No início dos anos 2000, surgiu em Manaus a revista Sirrose, que reunia alguns escritores marginais, e cujo nome já anunciava a sua aspiração: “O nome sirrose foi adotado para deixar claro o caráter marginal, boêmio e corrosivo da revista” (Souza, 2012, p.15). No número de estreia, um dos colaboradores foi Diego Moraes – escritor que alcançou projeção nacional. Atualmente, entretanto, Moraes está envolvido em uma polêmica. Várias pessoas o acusam de realizar golpes. Ele, segundo as vítimas, recebeu dinheiro por livros que não entregou; pediu doações alegando estar com câncer, ou endividado com tráfico, ou preso; e descumpriu um contrato com a editora Record.   Descoberto os golpes, vários dos seus pares, isto é, poetas marginais, criticaram o escritor. As críticas, em tom moralista, evidenciam que os ditos poetas marginais não aceitam ações à margem da lei. A mensagem parece ser: é descolado ser marginal contanto que siga as normas. Logo, esses críticos não são marginais como se intitulam. Se fossem, reconheceriam o crime de Moraes como um gesto autentico da imagem que ele criou. Mas parece que, para os poetas marginais, a contravenção só é aceita se estiver em um passado distante na biografia do autor.

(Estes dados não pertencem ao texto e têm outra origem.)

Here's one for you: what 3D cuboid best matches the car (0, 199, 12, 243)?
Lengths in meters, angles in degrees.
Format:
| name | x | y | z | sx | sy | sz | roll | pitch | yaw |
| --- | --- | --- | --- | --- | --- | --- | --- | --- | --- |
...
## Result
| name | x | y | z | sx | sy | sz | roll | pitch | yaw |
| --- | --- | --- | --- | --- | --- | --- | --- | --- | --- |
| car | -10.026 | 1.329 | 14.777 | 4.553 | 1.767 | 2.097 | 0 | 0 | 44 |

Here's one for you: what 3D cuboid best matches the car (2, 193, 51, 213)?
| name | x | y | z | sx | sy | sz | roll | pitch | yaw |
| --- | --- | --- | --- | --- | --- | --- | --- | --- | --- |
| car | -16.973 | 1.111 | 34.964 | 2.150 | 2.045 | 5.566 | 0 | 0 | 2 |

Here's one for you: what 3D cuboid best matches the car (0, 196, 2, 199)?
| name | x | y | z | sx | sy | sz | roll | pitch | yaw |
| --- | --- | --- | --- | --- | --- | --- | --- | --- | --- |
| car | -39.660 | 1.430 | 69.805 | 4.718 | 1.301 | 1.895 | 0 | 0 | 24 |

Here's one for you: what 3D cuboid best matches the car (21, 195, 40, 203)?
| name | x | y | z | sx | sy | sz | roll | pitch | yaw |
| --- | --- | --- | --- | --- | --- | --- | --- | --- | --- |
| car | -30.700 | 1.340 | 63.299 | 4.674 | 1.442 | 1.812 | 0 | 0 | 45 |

A verdadeira postura marginal, portanto, deve ser radical: À margem do mercado, à margem da legalidade, à margem das instituições. A questão não é fazer apologia ao crime, mas romper com os centros de poder, incluindo a lei. Se não for assim, o termo marginal é apenas “oba-oba”.

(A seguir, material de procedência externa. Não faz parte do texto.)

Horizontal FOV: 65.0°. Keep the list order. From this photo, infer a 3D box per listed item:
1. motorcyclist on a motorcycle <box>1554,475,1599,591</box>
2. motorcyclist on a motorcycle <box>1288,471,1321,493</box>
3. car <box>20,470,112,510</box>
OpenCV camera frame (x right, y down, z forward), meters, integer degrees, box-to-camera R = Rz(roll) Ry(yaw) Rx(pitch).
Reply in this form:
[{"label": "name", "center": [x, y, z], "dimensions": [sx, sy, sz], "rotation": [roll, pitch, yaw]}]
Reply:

Os poetas que se fingem marginais, então, acumulam contradições. Eles, por exemplo, não rejeitam os espaços da oficialidade. Pelo contrário, defendem que é necessário ocupá-los. O que, por si só, já põe em xeque a marginalidade (se ocupa os centros não está na margem!). Ora, como carregar a alcunha de marginal participando de solenidades na academia de letras? Ou ocupando cargos e usufruindo editais da secretaria de cultura do Estado? Ou ainda se vangloriando por ter seu livro divulgado na mídia (o que só prova que é desprovido de rebeldia)? Não digo que essas atitudes sejam erradas, porém, não cabem a alguém que se define como marginal. Este deve ser coerente. Deve se recusar a compor com a institucionalidade, tratando-a com desprezo.

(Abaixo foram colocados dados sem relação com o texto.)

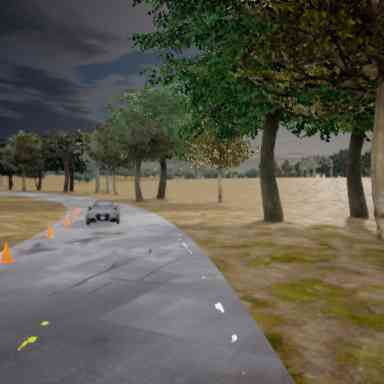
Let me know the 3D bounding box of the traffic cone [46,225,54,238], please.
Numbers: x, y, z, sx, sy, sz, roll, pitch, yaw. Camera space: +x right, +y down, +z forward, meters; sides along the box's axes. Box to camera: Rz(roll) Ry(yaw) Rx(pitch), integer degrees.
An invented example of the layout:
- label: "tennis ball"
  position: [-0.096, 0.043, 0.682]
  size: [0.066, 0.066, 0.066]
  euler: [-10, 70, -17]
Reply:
- label: "traffic cone"
  position: [-6.379, 1.758, 14.918]
  size: [0.340, 0.580, 0.340]
  euler: [0, 1, -10]

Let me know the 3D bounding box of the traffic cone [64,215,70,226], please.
- label: "traffic cone"
  position: [-7.366, 1.680, 19.684]
  size: [0.340, 0.580, 0.340]
  euler: [0, 1, -13]

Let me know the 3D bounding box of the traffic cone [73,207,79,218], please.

Em relação a Diego Moraes, parece que ele se isolou após as denúncias. Sendo tal atitude a mais marginal de sua carreira. É o jovem de uma cidade do norte do Brasil, que, ao adquirir prestígio, abandona tudo. Os medíocres ficam loucos com isso, porque Moraes abre mão do que eles tanto sonham. Deixa para trás a pose de cult, as FLIPs, a bajulação... e sai de cena como um bandido.  É, de fato, expulso para as margens. Enquanto os medíocres continuarão buscando legitimação em seus eventos masturbatórios, sob o aval das secretarias, e boêmia clichê. Talvez possamos evocar o que disse o personagem Lorde Henry, de O Retrato de Dorian Gray: “[o poeta inferior] vive o poema que não consegue escrever” (Wilde, 2016, p.68). De qualquer forma, a pavulagem dos poetas marginais de Manaus só provoca tédio.  

Referências
DUARTE, Maurício. Fome, doença e prisão: escritor é acusado de enganar leitores por dinheiro. UOL, 2019. Disponível em: https://entretenimento.uol.com.br/noticias/redacao/2019/08/05/fome-doenca-e-prisao-como-um-escritor-enganava-leitores-por-dinheiro.htm

SOUZA, Cristiane Naiara Araújo de. Sirrose nas entrelinhas. Manaus: Edições Muiraquitã, 2012.

WILDE, Oscar. O Retrato de Dorian Gray. São Paulo: Martin Claret, 2016.